Se non sarebbe riuscita ad appartenere più a nessuno di quei due mondi?

Appoggiò la testa al finestrino accanto a lei, chiuse gli occhi e lasciò che quelle ore scorressero veloci come le domande che continuavano a farsi spazio nella sua mente, non permettendole di riposare.

«All'ospedale, per favore», disse all'autista del taxi che era riuscita a fermare appena uscita dalla stazione di Daegu.

Si era fatta ormai sera e le strade della sua città erano avvolte da una fitta nebbia, tipica dei mesi invernali.
L'umidità le era entrata nelle ossa ed ebbe un moto di sollievo non appena si sistemò sul sedile posteriore, sperimentando il tepore dell'auto.
Il tassista partì senza aggiungere una parola e restò in silenzio per tutto il resto del tragitto.

"Sono a Daegu. Sto arrivando", digitò in un messaggio da inviare a Chaeyoung.

Non aveva neppure avvisato sua mamma del suo arrivo. Le avrebbe fatto una sorpresa quella notte stessa o il mattino seguente.
Cominciò a frugare nella borsetta per cercare le chiavi dell'appartamento che aveva condiviso con la madre prima di andare a vivere da sola.

"Merda! Non ho le chiavi! Le ho lasciate a Seoul! Fantastico, passerò la notte in ospedale", pensò, sospirando rassegnata.

Pochi minuti dopo il Daegu Hospital si stagliava di fronte ai suoi occhi.
Pagò l'autista che con una sorta di grugnito la ringraziò, prima di ripartire una volta scesa dall'auto.
Jisoo si mise subito a correre verso l'ingresso, sperando di ricordare ancora dove fosse il reparto di ostetricia e ginecologia.
Era dalla nascita di JooWon che non rimetteva piede lì.
Arrivò di fronte al reparto trafelata e con i capelli al vento e si diresse verso la sala d'attesa.
Lì venne immediatamente accolta da una serie di occhi che si voltarono verso di lei: Lisa, Chae, i genitori di Jennie e quelli di Kai, tutti segnati dalla stessa apprensione.

«Ce l'hai fatta!», esclamò Chae, sorridendole e andandole incontro per abbracciarla.

«Ho fatto il prima possibile!», rispose lei stringendo l'amica, mentre Lisa si era avvicinata per fare lo stesso.

«Kai?», chiese, non vedendo l'amico.

«È dentro con Jennie.
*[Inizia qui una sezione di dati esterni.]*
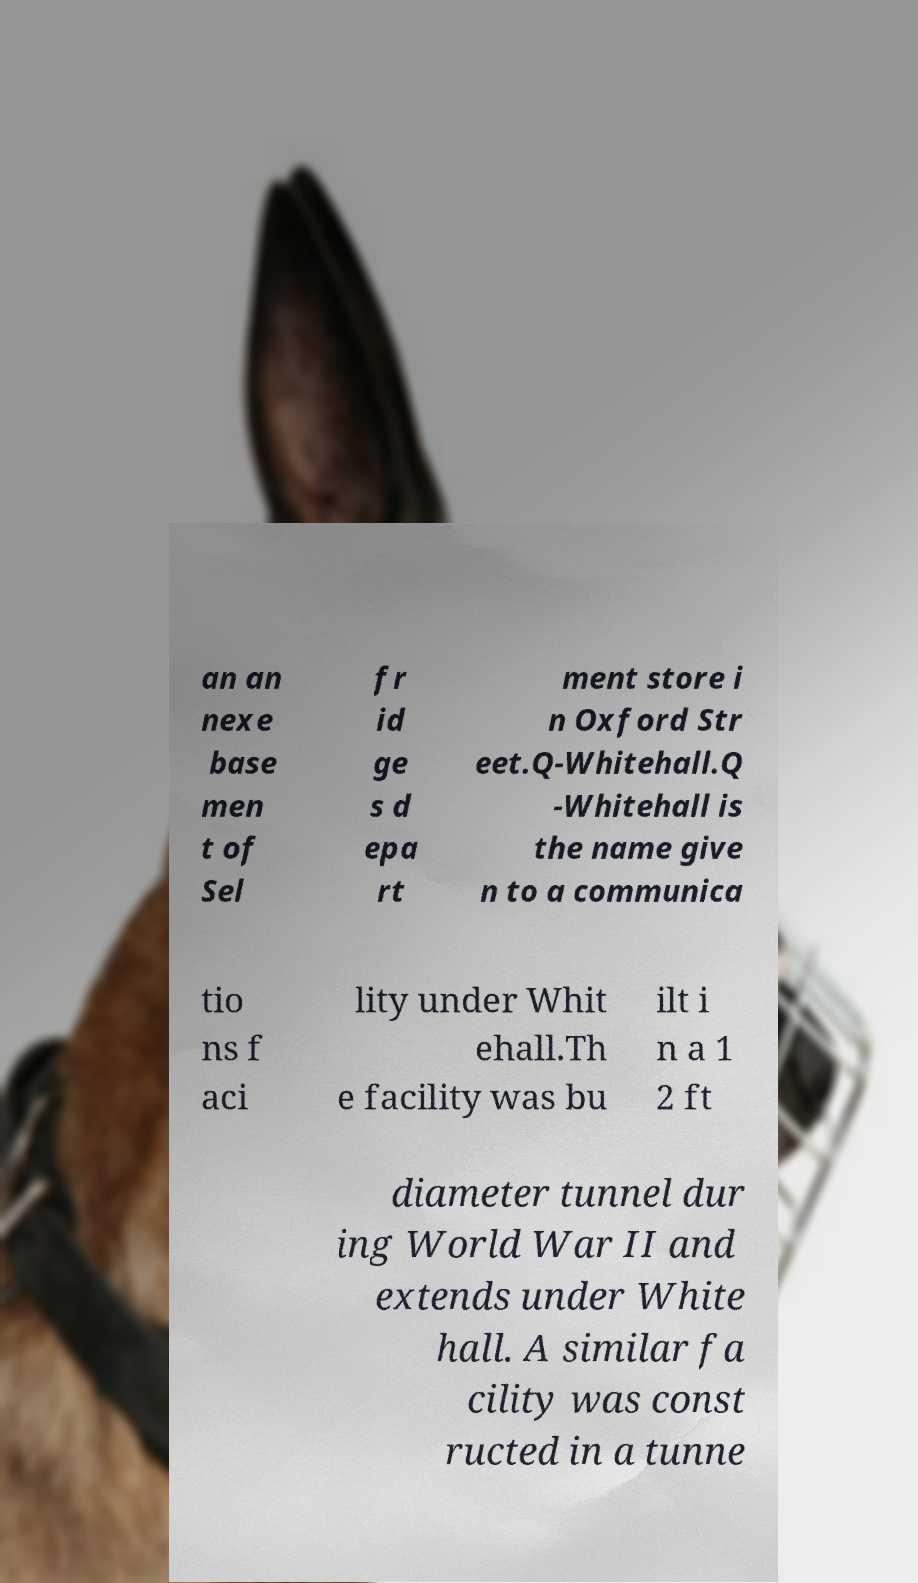Could you assist in decoding the text presented in this image and type it out clearly? an an nexe base men t of Sel fr id ge s d epa rt ment store i n Oxford Str eet.Q-Whitehall.Q -Whitehall is the name give n to a communica tio ns f aci lity under Whit ehall.Th e facility was bu ilt i n a 1 2 ft diameter tunnel dur ing World War II and extends under White hall. A similar fa cility was const ructed in a tunne

Sarà con lei per tutto il travaglio. Manca poco, l'hanno finalmente portata in sala parto», le spiegò Lisa, abbozzando un sorriso che non riusciva comunque a mascherarne la preoccupazione.
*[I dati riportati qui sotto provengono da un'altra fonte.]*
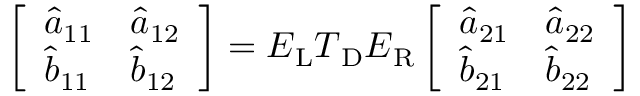<formula> <loc_0><loc_0><loc_500><loc_500>\left [ \begin{array} { l l } { \hat { a } _ { 1 1 } } & { \hat { a } _ { 1 2 } } \\ { \hat { b } _ { 1 1 } } & { \hat { b } _ { 1 2 } } \end{array} \right ] = E _ { L } T _ { D } E _ { R } \left [ \begin{array} { l l } { \hat { a } _ { 2 1 } } & { \hat { a } _ { 2 2 } } \\ { \hat { b } _ { 2 1 } } & { \hat { b } _ { 2 2 } } \end{array} \right ]</formula>

Jisoo si avvicinò per salutare i futuri nonni, tutti con i volti tirati e in evidente apprensione.

«Sta andando tutto bene, vero? O ci sono state delle difficoltà?», chiese Jisoo allarmata da quegli sguardi.
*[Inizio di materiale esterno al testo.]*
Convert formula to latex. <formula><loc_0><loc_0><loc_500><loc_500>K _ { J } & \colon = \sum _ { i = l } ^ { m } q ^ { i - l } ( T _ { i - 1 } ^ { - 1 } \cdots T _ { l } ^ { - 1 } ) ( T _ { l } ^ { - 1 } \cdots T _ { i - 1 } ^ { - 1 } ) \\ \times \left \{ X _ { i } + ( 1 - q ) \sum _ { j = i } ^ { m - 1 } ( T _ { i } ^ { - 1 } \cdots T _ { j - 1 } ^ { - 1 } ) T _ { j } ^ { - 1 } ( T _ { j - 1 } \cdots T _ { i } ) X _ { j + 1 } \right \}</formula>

«La bambina ha cambiato posizione all'ultimo. È podalica e c'è il rischio che debbano farle un cesareo», rispose mesta Chaeyoung.

«Hai detto "bambina"?», domandò immediatamente Jisoo.

«Sì, è una femmina. Lo hanno inavvertitamente detto a Kai», spiegò Lisa, sorridendo con dolcezza.

Jisoo accolse la notizia con un moto di estrema felicità: il loro gruppo di sole donne si stava allargando e non poteva fare altro che immaginare quel piccolo fagotto rosa, che avrebbe riempito di regali e vestitini di ogni foggia.

«Jisoo, posso parlarti un attimo?», le chiese improvvisamente Chae.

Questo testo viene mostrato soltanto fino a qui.